Exercise details ▸
Return all of the data that follows precisely, leaving every image out.

Segment Start: Material for the task

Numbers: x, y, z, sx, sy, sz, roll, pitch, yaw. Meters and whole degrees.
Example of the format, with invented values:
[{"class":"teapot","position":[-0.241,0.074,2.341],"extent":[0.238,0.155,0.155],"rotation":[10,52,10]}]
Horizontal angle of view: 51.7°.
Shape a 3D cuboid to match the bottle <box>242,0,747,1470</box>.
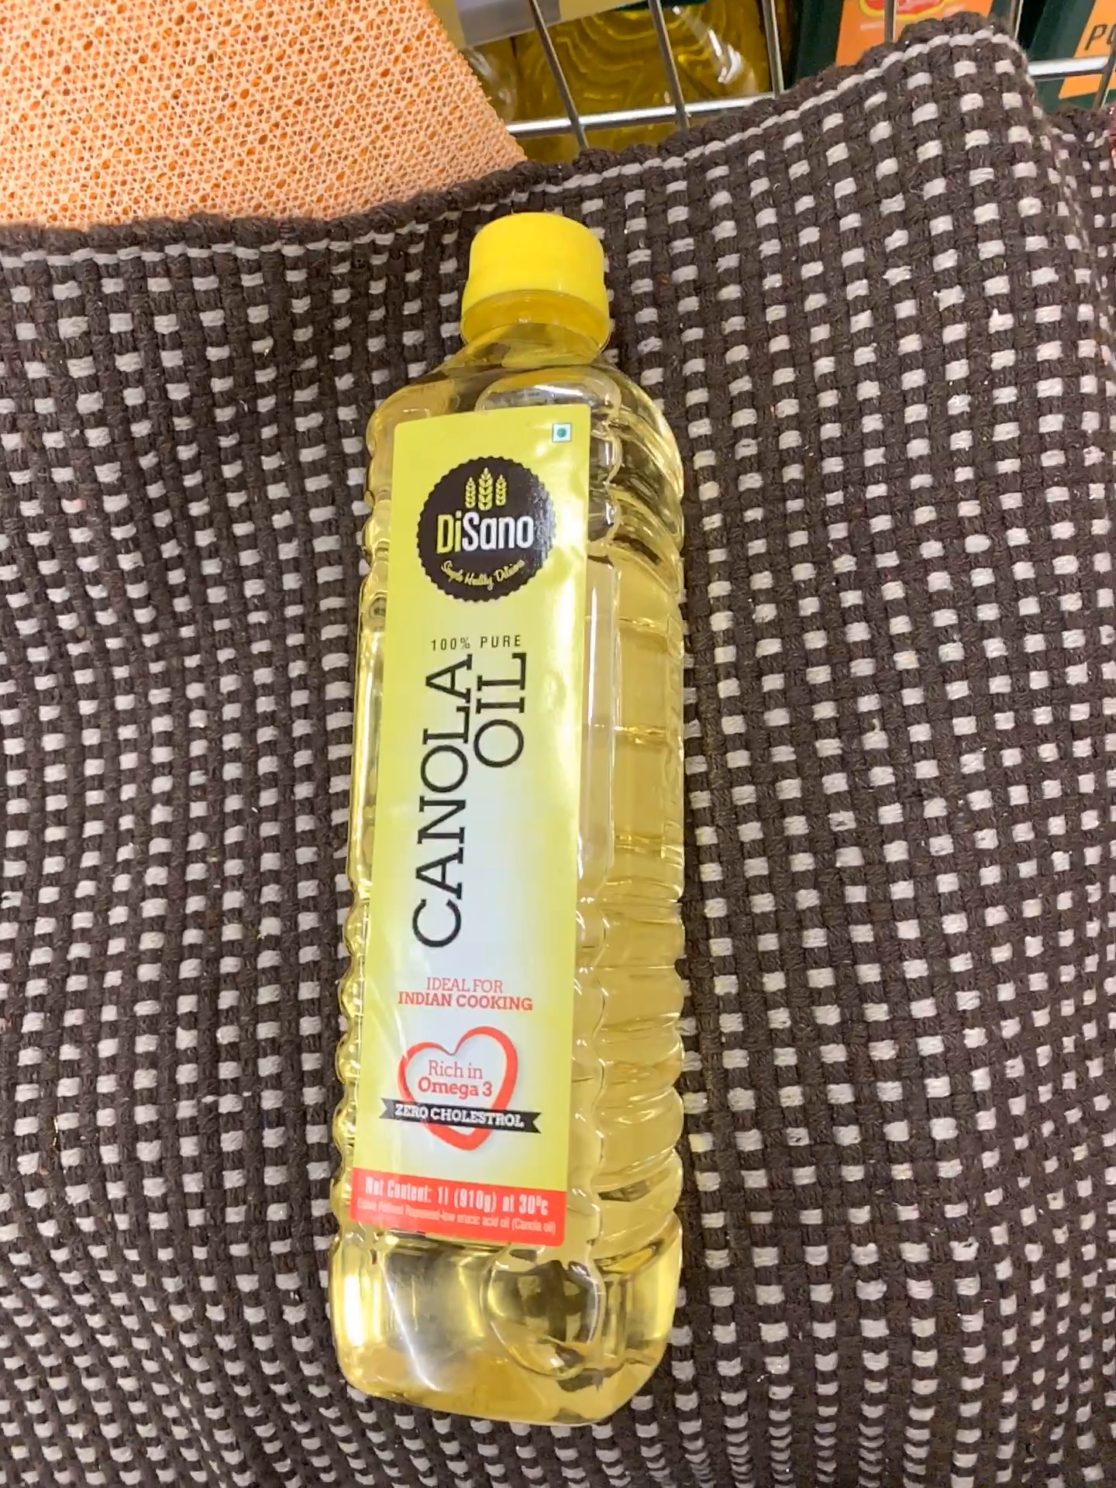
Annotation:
[{"class":"bottle","position":[-0.005,-0.011,0.229],"extent":[0.070,0.060,0.250],"rotation":[-1,80,19]}]

Segment End: Material for the task

Response for this exercise ▸
Numbers: x, y, z, sx, sy, sz, roll, pitch, yaw. Meters and whole degrees.
Example of the format, with invented values:
[{"class":"teapot","position":[-0.241,0.074,2.341],"extent":[0.238,0.155,0.155],"rotation":[10,52,10]}]
Horizontal angle of view: 51.7°.
Shape a 3D cuboid to match the bottle <box>242,0,747,1470</box>.
Annotation:
[{"class":"bottle","position":[-0.005,-0.011,0.229],"extent":[0.070,0.060,0.250],"rotation":[-1,80,19]}]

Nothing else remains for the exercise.